● **DIRECTIONS**
In the records below, the line with "table_cell [434, 1173, 582, 1213]" opens the range and the line with "table_cell Zmluvy, ktoré" closes it; print that range exactly and nothing else.

[Data records]
---

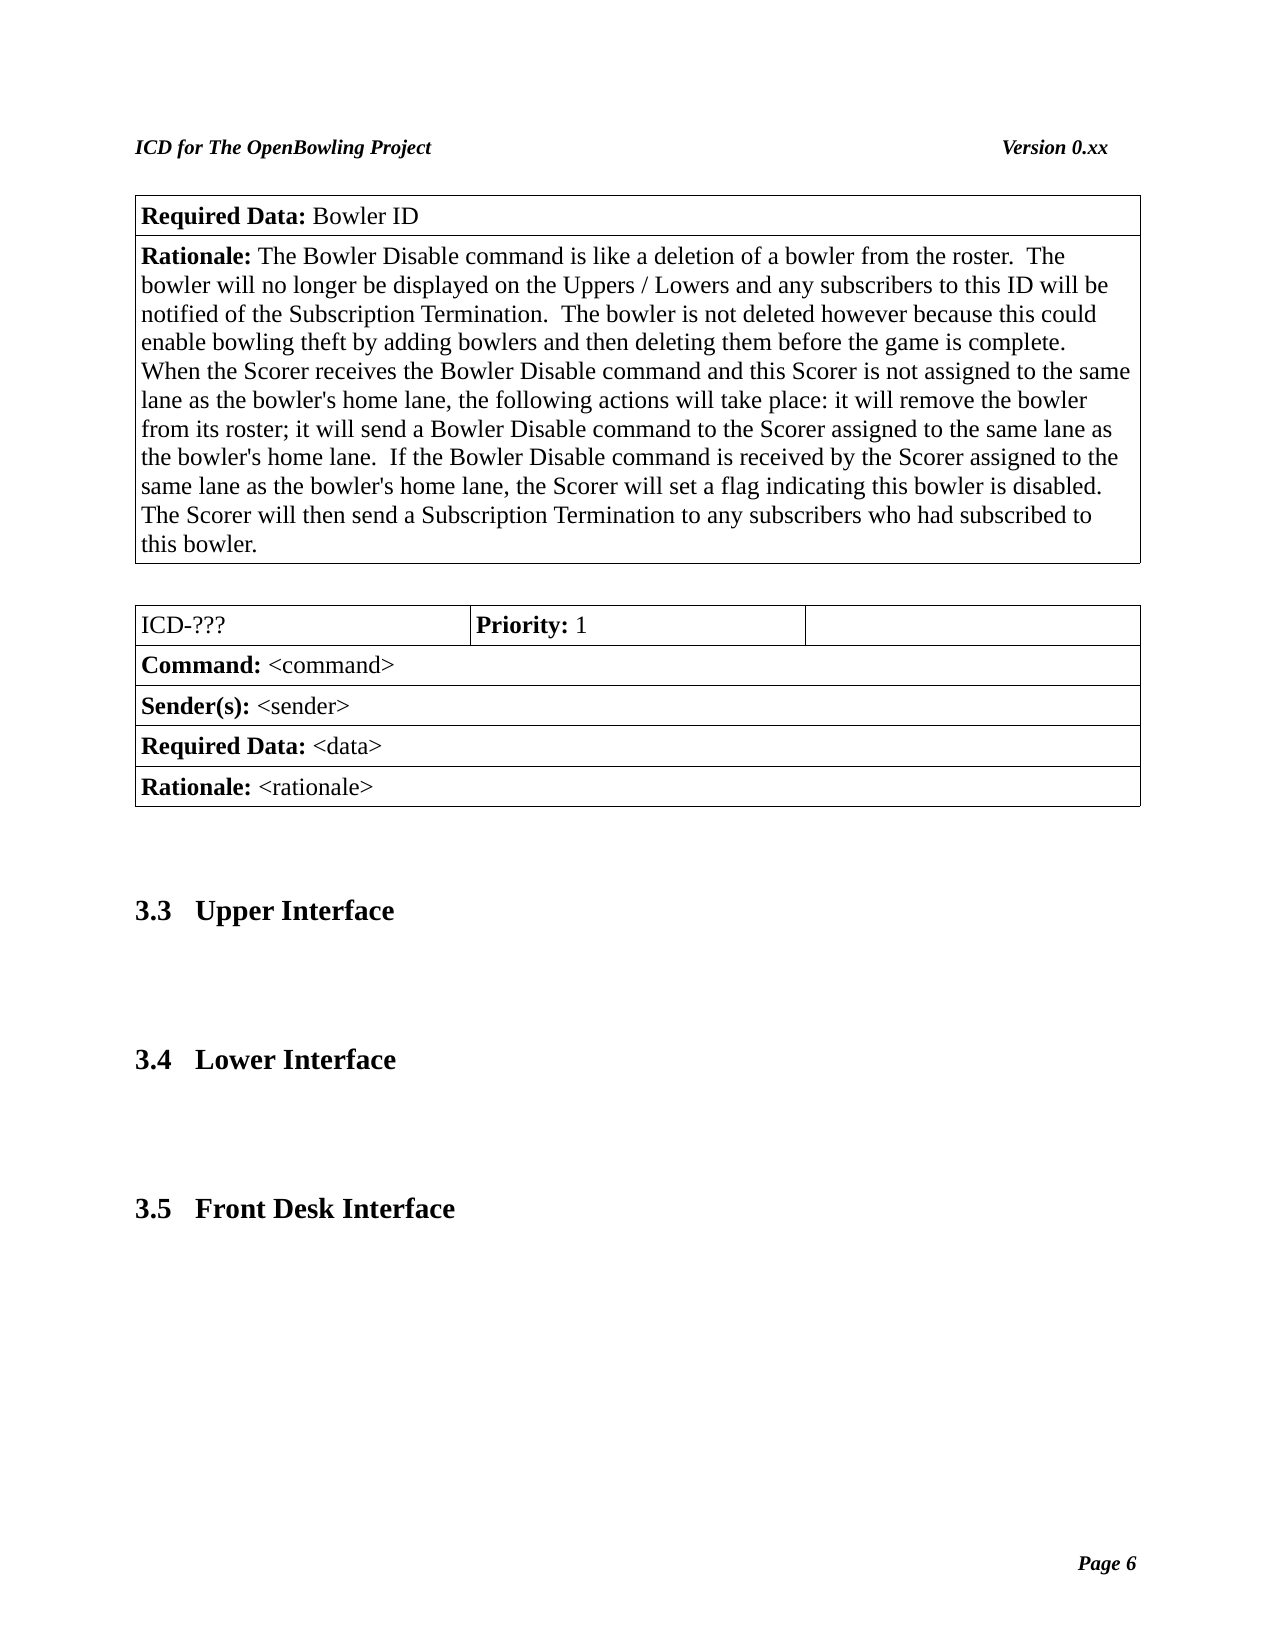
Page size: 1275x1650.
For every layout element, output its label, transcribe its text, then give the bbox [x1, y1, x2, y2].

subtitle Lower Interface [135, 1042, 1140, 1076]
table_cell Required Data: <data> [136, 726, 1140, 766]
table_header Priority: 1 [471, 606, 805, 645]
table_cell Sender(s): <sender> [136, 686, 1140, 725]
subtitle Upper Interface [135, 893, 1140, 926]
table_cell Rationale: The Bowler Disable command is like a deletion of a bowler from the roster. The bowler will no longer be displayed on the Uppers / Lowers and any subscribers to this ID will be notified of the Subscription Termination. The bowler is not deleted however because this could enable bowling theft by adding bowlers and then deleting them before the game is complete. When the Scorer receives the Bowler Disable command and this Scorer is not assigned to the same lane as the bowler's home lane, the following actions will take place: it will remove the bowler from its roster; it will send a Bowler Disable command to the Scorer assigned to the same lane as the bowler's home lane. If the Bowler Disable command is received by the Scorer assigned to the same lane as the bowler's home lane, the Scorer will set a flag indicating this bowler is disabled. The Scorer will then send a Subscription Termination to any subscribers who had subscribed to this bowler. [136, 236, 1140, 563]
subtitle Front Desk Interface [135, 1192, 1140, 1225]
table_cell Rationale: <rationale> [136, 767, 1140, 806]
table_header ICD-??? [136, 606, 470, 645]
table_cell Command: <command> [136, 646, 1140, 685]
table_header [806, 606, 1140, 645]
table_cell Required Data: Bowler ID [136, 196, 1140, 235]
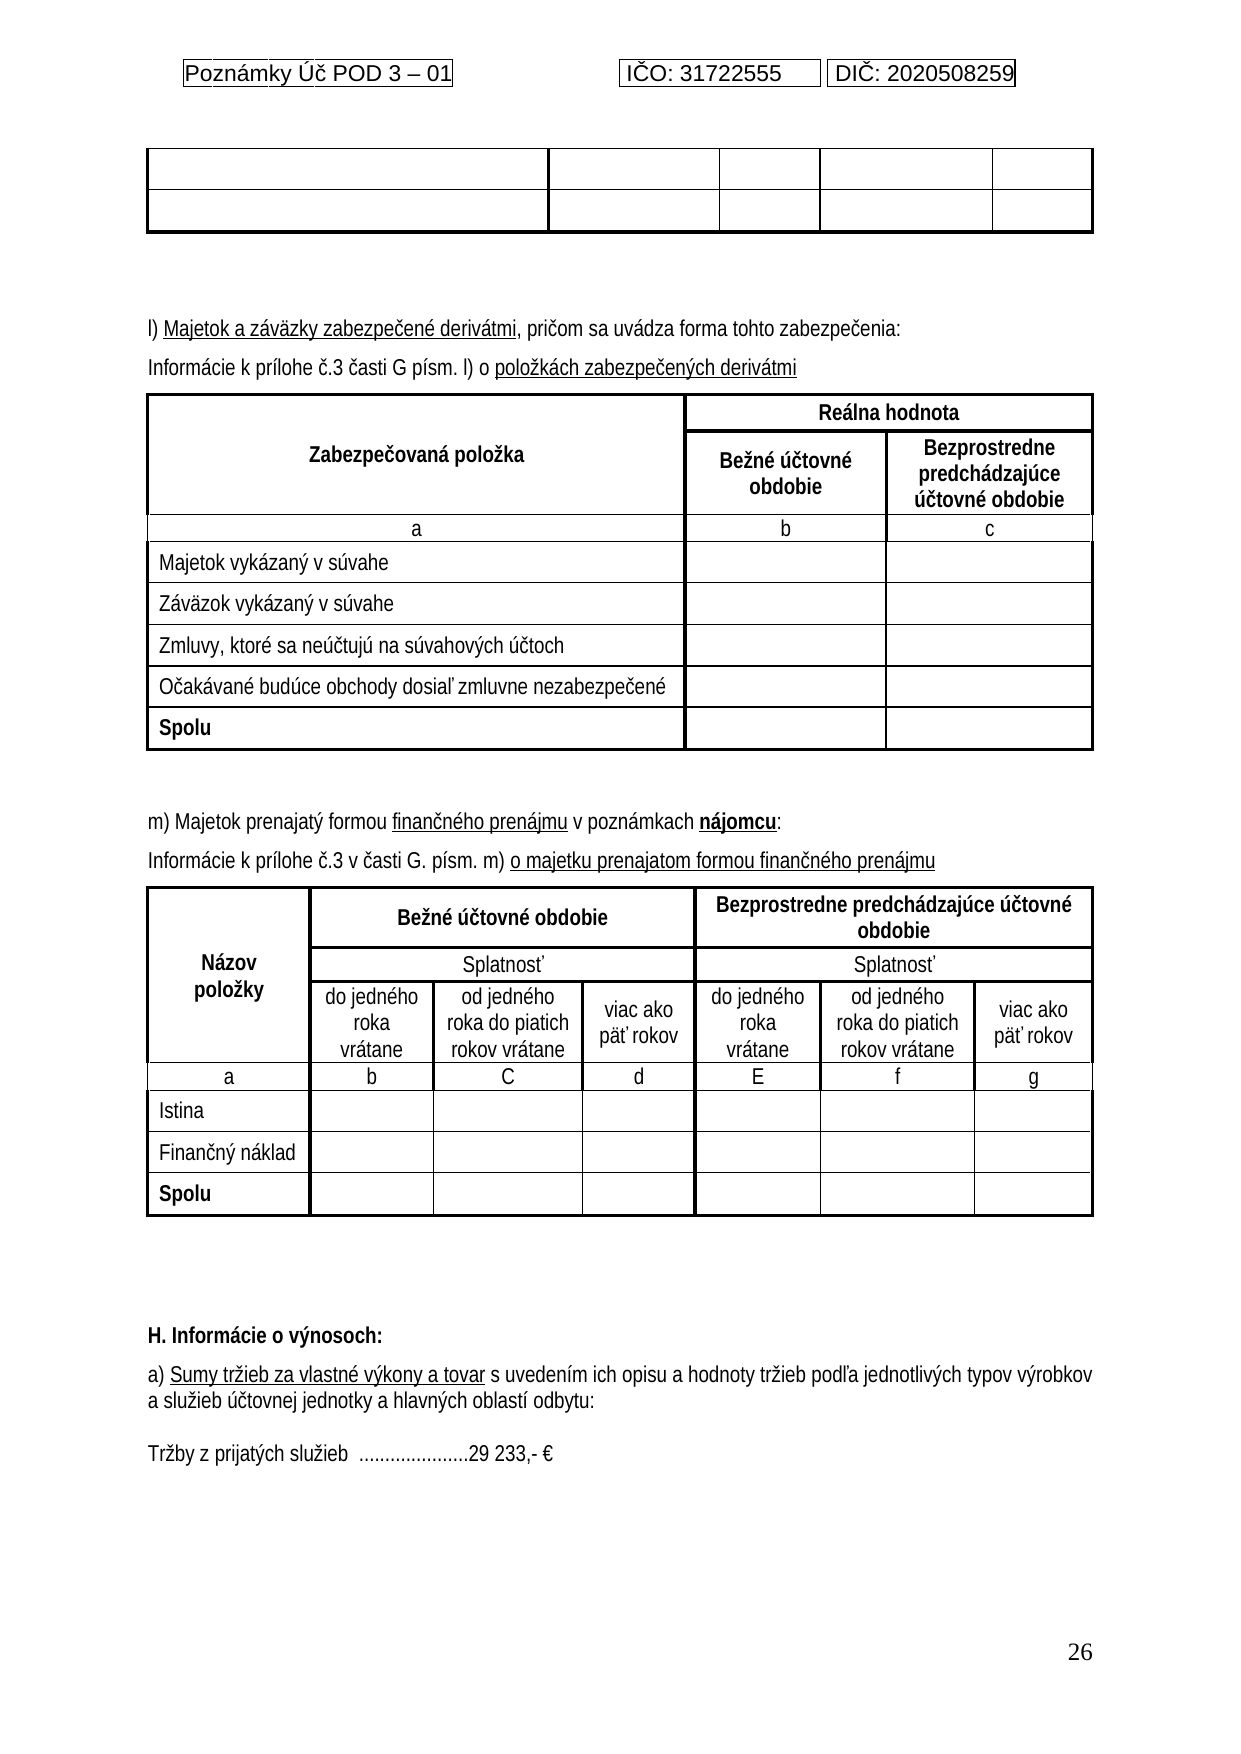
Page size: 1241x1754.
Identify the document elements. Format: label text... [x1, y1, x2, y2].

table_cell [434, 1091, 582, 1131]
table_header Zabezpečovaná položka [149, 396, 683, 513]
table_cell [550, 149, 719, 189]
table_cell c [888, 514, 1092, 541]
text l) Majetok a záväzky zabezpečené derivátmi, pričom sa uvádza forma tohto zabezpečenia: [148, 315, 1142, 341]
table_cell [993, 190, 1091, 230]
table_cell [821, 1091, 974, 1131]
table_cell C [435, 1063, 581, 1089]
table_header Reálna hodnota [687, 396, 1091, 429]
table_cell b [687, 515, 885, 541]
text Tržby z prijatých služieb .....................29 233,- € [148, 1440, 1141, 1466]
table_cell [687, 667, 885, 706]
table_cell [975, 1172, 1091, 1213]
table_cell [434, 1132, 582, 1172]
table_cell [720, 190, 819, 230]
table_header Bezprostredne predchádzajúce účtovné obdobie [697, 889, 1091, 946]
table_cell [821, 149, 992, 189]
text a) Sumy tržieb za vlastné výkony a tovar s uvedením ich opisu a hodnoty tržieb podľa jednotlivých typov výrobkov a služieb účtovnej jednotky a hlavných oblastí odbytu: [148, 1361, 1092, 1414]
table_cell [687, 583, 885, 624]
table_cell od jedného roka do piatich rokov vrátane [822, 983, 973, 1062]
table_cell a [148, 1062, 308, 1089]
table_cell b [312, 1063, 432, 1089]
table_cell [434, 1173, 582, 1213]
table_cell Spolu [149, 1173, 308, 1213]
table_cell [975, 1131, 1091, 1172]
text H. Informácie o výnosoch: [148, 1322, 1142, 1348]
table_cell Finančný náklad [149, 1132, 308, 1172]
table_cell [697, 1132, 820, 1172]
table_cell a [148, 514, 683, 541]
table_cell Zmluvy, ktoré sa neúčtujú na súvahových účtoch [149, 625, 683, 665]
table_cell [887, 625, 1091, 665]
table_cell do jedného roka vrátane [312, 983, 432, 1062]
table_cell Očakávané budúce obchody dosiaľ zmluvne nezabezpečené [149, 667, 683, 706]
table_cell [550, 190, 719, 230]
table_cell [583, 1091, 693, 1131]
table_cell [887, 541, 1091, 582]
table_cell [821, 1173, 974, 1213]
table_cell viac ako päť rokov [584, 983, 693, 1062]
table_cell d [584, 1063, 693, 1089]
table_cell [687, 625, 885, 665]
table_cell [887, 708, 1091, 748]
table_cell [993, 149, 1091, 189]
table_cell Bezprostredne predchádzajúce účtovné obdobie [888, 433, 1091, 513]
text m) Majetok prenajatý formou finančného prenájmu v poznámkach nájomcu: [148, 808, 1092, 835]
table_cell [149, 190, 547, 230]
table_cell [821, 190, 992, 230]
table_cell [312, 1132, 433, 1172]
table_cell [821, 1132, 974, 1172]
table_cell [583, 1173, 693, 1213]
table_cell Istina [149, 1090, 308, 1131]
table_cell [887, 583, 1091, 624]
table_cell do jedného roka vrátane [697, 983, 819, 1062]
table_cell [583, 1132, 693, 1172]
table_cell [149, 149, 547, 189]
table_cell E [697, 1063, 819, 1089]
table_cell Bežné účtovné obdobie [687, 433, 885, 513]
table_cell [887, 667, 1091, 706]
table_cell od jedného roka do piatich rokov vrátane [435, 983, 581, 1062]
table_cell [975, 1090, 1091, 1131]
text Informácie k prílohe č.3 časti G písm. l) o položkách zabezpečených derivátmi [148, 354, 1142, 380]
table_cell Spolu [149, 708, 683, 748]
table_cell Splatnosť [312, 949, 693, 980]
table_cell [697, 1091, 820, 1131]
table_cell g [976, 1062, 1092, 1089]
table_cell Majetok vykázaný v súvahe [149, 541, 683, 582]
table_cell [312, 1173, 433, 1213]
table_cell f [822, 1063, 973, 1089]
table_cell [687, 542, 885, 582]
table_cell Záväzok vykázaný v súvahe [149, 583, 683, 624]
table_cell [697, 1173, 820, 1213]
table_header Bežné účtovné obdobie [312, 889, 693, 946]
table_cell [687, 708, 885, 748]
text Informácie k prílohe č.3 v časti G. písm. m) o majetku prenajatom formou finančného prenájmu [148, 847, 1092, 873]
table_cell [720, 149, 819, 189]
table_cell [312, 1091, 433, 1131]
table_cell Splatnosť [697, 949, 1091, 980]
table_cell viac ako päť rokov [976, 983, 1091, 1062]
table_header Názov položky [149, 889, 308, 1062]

---

● **RESULT BELOW**
table_cell [434, 1173, 582, 1213]
table_cell Spolu [149, 1173, 308, 1213]
table_cell [975, 1131, 1091, 1172]
text H. Informácie o výnosoch: [148, 1322, 1142, 1348]
table_cell Finančný náklad [149, 1132, 308, 1172]
table_cell [697, 1132, 820, 1172]
table_cell a [148, 514, 683, 541]
table_cell Zmluvy, ktoré sa neúčtujú na súvahových účtoch [149, 625, 683, 665]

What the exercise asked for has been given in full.